Aim of the exercise
Each line in the entries below that holds the string "reconstruction" is to be listed.

======== Record set ========

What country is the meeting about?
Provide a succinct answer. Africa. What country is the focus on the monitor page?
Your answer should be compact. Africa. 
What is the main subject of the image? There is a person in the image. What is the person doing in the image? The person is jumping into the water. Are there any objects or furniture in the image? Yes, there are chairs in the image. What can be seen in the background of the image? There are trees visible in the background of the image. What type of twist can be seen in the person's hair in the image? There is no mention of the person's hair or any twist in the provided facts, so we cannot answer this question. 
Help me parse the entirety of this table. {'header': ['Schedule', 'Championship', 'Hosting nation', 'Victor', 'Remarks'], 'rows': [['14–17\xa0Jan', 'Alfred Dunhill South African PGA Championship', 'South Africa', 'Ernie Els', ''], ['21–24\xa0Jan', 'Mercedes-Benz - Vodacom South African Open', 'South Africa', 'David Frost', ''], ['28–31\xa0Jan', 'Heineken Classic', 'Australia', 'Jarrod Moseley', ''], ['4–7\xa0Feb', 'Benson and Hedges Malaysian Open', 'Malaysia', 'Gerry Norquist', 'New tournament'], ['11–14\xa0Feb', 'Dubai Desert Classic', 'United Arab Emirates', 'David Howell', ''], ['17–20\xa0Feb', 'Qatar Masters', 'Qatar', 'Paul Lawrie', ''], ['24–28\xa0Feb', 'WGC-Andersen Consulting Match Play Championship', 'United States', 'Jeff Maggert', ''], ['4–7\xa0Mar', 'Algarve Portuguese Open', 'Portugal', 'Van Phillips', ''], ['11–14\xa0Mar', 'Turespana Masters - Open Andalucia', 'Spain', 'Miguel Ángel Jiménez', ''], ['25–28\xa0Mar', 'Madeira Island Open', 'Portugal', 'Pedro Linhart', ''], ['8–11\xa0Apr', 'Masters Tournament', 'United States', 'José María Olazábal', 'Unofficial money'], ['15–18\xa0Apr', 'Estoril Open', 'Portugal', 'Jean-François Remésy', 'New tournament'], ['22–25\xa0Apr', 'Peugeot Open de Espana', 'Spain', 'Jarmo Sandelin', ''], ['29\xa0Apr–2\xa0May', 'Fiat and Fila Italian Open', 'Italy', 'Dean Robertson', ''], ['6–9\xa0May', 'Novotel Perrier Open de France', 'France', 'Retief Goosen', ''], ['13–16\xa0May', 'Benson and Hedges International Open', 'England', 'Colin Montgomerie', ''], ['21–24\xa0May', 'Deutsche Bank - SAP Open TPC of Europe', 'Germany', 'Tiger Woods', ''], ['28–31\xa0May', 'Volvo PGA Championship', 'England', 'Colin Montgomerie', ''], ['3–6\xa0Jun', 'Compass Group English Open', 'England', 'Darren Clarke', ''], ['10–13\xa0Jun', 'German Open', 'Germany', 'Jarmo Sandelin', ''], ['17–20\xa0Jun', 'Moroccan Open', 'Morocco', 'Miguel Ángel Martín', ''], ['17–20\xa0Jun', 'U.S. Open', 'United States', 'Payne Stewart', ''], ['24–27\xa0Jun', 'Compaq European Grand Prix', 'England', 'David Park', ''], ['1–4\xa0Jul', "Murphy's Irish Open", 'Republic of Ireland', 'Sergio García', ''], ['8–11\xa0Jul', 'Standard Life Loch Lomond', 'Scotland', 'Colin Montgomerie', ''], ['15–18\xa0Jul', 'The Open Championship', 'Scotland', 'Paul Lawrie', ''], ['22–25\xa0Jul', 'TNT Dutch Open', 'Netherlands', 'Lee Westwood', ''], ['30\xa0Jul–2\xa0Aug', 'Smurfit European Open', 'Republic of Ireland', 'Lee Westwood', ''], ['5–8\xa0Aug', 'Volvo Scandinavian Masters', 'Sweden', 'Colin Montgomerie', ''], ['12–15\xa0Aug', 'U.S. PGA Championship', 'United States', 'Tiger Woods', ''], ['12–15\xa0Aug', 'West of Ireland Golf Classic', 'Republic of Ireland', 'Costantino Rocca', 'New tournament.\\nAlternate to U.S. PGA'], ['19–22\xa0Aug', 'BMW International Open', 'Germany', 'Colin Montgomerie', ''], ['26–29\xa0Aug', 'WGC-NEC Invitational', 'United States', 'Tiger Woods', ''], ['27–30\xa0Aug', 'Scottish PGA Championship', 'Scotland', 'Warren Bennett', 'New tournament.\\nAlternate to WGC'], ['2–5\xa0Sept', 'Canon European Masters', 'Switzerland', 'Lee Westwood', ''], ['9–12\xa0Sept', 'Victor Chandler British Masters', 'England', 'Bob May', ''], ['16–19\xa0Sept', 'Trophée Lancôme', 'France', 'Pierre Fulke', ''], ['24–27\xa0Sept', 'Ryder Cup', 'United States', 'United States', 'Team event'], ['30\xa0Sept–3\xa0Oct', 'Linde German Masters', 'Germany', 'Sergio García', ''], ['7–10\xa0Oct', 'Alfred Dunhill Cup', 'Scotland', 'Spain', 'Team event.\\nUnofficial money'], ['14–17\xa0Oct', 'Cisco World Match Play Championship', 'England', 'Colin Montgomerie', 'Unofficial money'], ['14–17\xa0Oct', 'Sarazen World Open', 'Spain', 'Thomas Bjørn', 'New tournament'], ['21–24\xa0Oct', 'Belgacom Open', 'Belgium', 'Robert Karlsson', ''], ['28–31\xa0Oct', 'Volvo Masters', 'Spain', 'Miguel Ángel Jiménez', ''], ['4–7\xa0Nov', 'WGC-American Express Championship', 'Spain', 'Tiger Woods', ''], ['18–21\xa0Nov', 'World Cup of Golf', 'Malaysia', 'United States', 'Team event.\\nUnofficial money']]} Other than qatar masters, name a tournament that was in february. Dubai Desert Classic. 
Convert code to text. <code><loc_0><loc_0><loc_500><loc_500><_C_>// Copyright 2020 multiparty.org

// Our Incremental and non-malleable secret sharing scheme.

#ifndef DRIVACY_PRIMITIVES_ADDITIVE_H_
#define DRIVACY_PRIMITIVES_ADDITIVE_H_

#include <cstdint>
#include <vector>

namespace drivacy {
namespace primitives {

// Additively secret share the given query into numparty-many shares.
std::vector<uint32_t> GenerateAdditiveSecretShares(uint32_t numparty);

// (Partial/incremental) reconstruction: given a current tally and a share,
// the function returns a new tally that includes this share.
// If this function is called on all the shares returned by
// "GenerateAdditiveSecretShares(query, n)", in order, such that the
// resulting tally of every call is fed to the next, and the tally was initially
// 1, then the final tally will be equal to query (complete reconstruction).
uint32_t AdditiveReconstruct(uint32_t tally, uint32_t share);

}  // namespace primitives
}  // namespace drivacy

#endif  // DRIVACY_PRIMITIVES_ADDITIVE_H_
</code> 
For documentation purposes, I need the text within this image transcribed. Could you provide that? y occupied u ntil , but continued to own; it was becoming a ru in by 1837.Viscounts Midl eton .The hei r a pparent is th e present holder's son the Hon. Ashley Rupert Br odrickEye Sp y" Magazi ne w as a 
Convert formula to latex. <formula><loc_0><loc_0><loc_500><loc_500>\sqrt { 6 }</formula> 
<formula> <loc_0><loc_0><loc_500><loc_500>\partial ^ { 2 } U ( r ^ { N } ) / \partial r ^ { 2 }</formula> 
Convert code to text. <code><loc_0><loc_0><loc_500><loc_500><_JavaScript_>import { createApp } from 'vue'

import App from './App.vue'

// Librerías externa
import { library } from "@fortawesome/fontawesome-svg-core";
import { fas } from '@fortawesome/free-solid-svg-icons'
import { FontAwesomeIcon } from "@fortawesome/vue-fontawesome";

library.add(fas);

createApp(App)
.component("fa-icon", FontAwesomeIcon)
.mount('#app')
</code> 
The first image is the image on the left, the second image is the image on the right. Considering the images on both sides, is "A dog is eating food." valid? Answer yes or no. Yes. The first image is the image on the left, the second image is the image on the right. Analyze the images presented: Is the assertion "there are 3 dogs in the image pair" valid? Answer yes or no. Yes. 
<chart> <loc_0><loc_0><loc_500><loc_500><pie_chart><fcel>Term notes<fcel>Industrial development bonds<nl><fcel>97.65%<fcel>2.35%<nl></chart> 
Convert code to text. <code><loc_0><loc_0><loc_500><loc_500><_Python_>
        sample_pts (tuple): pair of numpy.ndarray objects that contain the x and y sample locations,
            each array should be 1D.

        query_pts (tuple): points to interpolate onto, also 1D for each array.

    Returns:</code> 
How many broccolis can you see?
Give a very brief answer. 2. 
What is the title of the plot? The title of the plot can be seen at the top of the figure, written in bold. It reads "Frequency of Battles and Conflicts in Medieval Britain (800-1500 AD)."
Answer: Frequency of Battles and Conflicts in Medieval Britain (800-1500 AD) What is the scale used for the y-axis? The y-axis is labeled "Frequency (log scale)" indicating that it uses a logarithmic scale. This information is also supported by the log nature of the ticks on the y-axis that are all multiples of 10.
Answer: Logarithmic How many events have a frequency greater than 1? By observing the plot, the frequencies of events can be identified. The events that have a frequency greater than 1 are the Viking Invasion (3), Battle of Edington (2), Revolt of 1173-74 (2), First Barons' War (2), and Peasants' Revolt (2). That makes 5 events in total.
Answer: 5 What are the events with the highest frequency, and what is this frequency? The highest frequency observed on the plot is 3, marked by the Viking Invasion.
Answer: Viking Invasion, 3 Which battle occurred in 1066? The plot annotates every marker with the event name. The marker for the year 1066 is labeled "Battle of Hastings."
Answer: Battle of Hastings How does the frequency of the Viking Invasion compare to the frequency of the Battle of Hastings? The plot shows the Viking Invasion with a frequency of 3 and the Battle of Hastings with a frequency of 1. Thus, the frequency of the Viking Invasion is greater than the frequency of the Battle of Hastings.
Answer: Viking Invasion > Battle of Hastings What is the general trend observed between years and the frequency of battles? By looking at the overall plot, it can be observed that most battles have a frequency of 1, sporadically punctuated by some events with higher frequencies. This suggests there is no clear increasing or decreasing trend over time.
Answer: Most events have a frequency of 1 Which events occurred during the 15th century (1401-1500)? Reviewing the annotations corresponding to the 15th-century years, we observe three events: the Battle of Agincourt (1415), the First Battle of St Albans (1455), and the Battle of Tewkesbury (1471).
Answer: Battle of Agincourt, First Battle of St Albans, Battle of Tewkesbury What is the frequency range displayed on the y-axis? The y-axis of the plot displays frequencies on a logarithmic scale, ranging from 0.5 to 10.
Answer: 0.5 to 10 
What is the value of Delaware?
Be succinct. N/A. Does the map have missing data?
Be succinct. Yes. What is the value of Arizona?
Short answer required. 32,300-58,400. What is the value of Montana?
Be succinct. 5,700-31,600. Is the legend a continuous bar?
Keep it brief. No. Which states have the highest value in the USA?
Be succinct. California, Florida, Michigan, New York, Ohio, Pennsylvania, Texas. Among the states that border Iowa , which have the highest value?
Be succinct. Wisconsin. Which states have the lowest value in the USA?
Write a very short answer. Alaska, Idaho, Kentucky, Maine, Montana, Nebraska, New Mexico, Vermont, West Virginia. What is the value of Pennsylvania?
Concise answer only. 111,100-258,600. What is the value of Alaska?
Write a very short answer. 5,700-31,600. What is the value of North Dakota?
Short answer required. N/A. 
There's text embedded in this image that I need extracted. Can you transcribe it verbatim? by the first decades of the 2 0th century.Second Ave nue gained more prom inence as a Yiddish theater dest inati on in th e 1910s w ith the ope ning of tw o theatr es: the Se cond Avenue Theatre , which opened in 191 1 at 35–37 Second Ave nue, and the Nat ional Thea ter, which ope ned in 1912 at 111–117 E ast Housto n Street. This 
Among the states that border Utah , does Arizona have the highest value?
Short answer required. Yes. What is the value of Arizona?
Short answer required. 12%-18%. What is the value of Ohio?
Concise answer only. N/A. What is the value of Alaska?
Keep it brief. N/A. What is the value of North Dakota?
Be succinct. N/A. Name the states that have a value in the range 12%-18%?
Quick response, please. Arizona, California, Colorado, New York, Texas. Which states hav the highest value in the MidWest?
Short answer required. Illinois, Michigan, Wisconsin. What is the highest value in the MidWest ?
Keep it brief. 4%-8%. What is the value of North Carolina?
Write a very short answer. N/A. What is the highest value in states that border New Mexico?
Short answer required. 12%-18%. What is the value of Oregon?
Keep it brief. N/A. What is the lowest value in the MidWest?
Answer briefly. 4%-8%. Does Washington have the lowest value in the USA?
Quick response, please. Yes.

========

Answer to this task
// (Partial/incremental) reconstruction: given a current tally and a share,
// 1, then the final tally will be equal to query (complete reconstruction).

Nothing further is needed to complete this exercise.